Visit JRR Tolkien’s Mythic Trees in Avebury, England
After my trip to Stonehenge, we headed to visit Avebury and see JRR Tolkien’s trees. Avebury is a Neolithic henge containing three stone circles, around the village of Avebury in Wiltshire, in southwest England. It’s the largest stone circle in Europe and home to the trees that inspired JRR Tolkien’s The Lord of the Rings series. Oh, and did I mention the local Avebury pub is haunted? An exciting part of the English countryside if I do say so myself!
Avebury was constructed over several hundred years in the 3rd millennium BC in England (the Neolithic or New Stone Age). There’s a large henge (a bank and a ditch) with a large outer stone circle and two separate smaller stone circles situated inside the center. The Avebury Stone Circle initially comprised of 100 stones. Just like Stonehenge, its original purpose is unknown. It’s believed by archaeologists to most likely have been used for rituals or ceremonies.
By the time the Iron Age rolled around, the site had been mostly abandoned. During the Early Middle Ages, a village first sprung up around the Stones and eventually extended into it. In the Late Medieval and Early Modern periods, local people sadly destroyed many of the standing stones around the henge, for religious and practical reasons.

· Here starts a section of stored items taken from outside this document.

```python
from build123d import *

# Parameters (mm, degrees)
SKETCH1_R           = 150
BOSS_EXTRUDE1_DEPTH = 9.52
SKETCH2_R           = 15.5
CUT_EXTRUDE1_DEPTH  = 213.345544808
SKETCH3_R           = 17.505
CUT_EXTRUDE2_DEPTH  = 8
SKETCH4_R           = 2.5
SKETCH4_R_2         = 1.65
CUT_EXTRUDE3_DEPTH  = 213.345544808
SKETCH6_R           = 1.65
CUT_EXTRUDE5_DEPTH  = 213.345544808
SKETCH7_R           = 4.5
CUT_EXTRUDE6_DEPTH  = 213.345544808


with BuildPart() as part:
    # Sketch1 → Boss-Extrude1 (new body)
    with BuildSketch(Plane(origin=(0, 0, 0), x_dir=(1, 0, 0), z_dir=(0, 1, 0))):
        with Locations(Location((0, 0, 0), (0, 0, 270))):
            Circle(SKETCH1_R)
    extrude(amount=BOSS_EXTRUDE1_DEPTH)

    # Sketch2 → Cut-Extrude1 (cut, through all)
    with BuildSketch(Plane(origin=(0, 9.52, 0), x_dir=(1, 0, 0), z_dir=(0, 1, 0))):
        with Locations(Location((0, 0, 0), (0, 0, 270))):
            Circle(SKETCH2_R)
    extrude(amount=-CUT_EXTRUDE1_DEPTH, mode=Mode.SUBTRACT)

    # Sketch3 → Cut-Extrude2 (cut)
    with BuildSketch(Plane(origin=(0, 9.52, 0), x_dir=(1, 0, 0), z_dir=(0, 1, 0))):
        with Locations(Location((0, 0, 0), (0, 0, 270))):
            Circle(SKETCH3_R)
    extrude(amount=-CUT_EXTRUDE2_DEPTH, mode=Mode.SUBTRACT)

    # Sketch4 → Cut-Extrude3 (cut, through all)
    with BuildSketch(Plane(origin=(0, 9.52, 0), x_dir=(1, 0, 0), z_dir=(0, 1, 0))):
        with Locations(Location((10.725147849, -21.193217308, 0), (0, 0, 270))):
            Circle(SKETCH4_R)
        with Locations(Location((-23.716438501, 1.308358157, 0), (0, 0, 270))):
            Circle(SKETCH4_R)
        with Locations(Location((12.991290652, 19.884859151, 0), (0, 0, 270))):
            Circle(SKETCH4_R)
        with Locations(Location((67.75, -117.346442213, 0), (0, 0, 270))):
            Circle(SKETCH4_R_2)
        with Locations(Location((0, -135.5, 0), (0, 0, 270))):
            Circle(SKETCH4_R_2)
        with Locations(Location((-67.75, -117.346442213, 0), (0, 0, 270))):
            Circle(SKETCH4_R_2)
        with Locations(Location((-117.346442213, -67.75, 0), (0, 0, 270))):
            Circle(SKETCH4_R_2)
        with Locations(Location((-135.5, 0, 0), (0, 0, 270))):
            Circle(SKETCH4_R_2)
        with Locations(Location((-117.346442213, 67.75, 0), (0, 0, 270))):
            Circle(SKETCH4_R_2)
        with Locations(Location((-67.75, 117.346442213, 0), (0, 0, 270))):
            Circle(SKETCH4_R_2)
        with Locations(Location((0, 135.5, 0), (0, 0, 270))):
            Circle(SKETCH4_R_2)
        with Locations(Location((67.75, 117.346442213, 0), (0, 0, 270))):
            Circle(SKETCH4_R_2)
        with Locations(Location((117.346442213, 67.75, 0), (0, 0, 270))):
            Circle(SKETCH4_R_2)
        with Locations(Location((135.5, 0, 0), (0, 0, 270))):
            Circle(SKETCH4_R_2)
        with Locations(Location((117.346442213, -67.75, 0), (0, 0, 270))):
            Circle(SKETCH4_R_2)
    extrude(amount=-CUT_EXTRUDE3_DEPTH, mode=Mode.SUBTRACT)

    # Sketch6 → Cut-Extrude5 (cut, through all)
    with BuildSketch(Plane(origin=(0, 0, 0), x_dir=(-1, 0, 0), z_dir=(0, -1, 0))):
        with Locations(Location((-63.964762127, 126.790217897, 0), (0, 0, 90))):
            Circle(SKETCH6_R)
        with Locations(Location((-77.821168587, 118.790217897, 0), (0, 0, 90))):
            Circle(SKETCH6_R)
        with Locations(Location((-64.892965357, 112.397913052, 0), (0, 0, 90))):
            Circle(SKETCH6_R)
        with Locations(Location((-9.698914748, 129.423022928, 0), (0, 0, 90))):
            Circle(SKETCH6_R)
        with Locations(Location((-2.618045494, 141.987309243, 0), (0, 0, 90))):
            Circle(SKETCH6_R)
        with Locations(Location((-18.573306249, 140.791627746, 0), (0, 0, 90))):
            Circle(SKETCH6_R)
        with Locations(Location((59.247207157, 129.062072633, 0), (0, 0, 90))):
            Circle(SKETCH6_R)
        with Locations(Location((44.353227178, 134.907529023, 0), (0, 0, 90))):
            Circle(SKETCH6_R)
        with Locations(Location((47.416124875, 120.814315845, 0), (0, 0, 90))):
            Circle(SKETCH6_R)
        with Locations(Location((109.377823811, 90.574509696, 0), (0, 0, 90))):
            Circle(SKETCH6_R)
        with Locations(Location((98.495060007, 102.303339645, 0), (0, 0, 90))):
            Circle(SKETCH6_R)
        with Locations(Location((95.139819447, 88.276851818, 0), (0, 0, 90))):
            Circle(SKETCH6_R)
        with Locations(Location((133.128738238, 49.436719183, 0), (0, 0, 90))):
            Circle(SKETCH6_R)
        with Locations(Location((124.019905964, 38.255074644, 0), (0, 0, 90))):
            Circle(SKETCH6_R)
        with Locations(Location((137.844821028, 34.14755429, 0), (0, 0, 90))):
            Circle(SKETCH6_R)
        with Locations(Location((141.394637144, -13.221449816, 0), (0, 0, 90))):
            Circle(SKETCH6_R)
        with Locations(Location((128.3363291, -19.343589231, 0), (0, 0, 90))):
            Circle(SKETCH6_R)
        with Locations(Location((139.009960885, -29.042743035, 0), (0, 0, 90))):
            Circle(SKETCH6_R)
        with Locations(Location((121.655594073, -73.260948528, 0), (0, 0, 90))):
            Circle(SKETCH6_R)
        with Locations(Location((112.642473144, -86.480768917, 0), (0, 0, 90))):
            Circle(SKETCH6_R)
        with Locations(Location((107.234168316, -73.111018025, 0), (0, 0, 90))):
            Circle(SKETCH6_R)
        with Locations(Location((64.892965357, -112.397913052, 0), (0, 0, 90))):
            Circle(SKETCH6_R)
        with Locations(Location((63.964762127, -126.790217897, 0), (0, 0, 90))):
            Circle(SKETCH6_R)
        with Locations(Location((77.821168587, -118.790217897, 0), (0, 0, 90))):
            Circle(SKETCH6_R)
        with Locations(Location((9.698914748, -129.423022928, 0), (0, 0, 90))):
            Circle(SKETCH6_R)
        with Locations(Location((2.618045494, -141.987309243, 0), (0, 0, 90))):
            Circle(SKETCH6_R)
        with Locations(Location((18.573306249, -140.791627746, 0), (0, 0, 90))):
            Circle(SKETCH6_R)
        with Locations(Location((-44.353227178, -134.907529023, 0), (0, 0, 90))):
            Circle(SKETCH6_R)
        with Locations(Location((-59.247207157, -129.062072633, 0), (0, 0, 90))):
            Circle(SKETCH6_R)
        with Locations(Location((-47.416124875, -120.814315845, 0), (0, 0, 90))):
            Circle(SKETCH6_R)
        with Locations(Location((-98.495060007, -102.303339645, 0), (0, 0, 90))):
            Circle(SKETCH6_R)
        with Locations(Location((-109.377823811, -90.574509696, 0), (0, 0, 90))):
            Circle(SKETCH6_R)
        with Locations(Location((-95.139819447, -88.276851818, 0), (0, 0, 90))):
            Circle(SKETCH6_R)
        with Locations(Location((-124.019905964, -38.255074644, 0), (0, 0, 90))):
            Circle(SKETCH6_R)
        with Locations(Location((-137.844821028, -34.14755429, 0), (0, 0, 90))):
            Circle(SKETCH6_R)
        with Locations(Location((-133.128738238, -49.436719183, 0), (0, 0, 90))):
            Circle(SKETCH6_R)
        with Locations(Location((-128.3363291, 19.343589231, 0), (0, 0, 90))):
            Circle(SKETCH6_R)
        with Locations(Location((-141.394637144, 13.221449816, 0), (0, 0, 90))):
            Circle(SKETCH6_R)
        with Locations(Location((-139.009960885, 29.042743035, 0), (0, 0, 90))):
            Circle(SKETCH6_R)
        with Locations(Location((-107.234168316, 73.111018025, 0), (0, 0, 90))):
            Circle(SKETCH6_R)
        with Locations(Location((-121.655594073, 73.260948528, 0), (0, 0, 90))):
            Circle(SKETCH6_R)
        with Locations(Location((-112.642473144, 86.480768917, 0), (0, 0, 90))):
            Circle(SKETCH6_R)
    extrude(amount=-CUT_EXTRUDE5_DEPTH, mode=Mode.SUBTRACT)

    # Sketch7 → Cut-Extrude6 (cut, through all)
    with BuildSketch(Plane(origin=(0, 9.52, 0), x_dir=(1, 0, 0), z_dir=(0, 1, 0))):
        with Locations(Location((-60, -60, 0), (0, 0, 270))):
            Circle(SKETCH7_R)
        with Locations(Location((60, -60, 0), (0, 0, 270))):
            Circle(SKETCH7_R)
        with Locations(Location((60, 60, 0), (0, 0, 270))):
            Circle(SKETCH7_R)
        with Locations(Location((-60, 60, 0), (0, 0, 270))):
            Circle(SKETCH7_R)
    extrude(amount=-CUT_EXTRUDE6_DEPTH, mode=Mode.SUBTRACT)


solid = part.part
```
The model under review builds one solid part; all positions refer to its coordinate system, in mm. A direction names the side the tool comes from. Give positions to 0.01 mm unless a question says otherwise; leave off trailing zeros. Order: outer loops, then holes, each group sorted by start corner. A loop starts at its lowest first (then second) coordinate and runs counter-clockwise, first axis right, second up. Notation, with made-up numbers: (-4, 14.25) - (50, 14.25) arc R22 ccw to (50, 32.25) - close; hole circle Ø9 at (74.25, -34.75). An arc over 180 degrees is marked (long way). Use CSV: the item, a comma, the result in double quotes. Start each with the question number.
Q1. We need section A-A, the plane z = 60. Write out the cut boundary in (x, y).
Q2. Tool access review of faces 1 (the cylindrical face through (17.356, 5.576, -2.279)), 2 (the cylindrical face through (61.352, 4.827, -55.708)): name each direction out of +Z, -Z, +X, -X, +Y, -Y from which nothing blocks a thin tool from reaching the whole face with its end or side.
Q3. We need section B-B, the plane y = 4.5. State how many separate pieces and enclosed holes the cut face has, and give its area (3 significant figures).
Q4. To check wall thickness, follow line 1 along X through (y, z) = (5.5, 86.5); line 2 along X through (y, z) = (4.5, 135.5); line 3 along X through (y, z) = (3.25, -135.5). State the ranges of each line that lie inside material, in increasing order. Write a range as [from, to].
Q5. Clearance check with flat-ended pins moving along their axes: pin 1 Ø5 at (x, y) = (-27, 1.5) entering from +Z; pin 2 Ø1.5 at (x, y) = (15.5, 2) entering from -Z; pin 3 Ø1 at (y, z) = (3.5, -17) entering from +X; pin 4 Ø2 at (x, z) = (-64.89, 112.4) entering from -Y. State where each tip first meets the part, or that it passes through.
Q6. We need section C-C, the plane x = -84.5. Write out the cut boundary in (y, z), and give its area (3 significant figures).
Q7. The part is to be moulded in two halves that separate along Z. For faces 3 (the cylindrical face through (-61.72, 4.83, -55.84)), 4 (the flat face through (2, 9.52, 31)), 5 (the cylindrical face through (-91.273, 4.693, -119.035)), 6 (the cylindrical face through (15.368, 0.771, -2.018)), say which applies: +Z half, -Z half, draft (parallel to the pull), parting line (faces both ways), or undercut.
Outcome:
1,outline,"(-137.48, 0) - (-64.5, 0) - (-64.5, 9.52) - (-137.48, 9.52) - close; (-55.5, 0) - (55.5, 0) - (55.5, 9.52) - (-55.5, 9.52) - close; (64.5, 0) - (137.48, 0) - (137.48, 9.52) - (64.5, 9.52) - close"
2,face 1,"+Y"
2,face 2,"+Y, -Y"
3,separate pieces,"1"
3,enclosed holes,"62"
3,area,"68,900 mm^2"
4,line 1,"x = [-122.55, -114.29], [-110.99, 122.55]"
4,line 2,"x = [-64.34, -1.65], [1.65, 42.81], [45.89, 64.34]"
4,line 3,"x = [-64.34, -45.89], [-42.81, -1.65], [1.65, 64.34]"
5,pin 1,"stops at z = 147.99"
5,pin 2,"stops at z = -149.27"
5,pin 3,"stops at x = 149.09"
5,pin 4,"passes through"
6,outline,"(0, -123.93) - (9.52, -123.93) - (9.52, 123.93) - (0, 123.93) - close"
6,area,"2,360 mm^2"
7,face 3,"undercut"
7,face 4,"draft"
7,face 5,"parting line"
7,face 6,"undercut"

The Haunted Red Lion Avebury Pub
After arriving from Stonehenge, we headed to the local Red Lion Avebury Pub for some lunch! I enjoyed an excellent Guinness as well as fish and chips! The pub is built around an old well that may or may not have been the final resting place of an unfortunate Avebury villager. “The Red Lion was first licensed in 1802 and is famous for its 86ft deep well which dates back to the 1600’s.” The Red Lion Avebury Pub is also the only inn in the world that is located inside a prehistoric stone circle.
It’s also supposedly haunted! Several ghosts have been known to reside within and around the Red Lion Avebury Pub.
- A phantom carriage, drawn by ghostly horses, has been seen crossing the inn’s courtyard. Known locally as a harbinger of tragedy, meaning a close relative is about to die.
- The Red Lion’s female phantom, Florrie was caught with another man by her husband. He shot her lover and slit her throat. Then dragged her body to the well, threw her down it, and sealed it with a boulder. Florrie’s ghost has remained at the pub ever since.
- The ghosts of two children and a woman haunt the Avenue bedroom.
While I didn’t know about this at the time, I’m somewhat glad it didn’t since I sat at that well! After lunch, it was off to the Stones!
Visiting Avebury’s Stone Circle
Since we had limited time, I didn’t get to visit all of the Avebury Stone Circle, but what I did see was beautiful. Unlike Stonehenge, Avebury isn’t commercialized. No visitor center, no tram up to the site, no audioguide. There’s also wasn’t a whole lot of other people there, which was a nice change. It was lovely to enjoy the place without any pressure. It also felt so much more natural as you can walk right up to them! Though I wouldn’t recommend touching them.
JRR Tolkien’s Trees
Just a little way down the road from the Red Lion Avebury Pub, you happen upon some enormous trees. My friend, who had been before, told me these trees had been the inspiration for JRR Tolkien’s ‘walking trees’ or Ents in The Lord of the Rings. If you’ve either seen the film or read the books, you’ll recall the walking trees I’m talking about.
Ents are the huge talking trees that help the hobbits. People have tied ribbons to the tree’s branches with wishes written on them. Unfortunately, I didn’t know this was also the Avebury wishing tree, so I didn’t have a ribbon on me. My wish would have been for Nerd Out to be successful. And thus far, it is!
Travel Tip: Bring a ribbon and a pen or marker so you can add to the Avebury wishing tree while visiting!
Visting Avebury, England
Whether or not these massive, gorgeous trees were the inspiration for JRR Tolkien, they are truly amazing. And while you’re visiting Avebury, it’s worth the five-minute walk to see the Avebury wishing trees.
As we took a coach bus from the Cotswolds to Stonehenge to Avebury and back, it was easy for me to get around. However, I realize that’s not everyone’s situation. The easiest way seems to be by car or public transport.
You’re able to visit the Avebury Stone Circle any reasonable time during daylight hours. It is also FREE to visit! I enjoyed my time in Avebury, England and I hope you will too!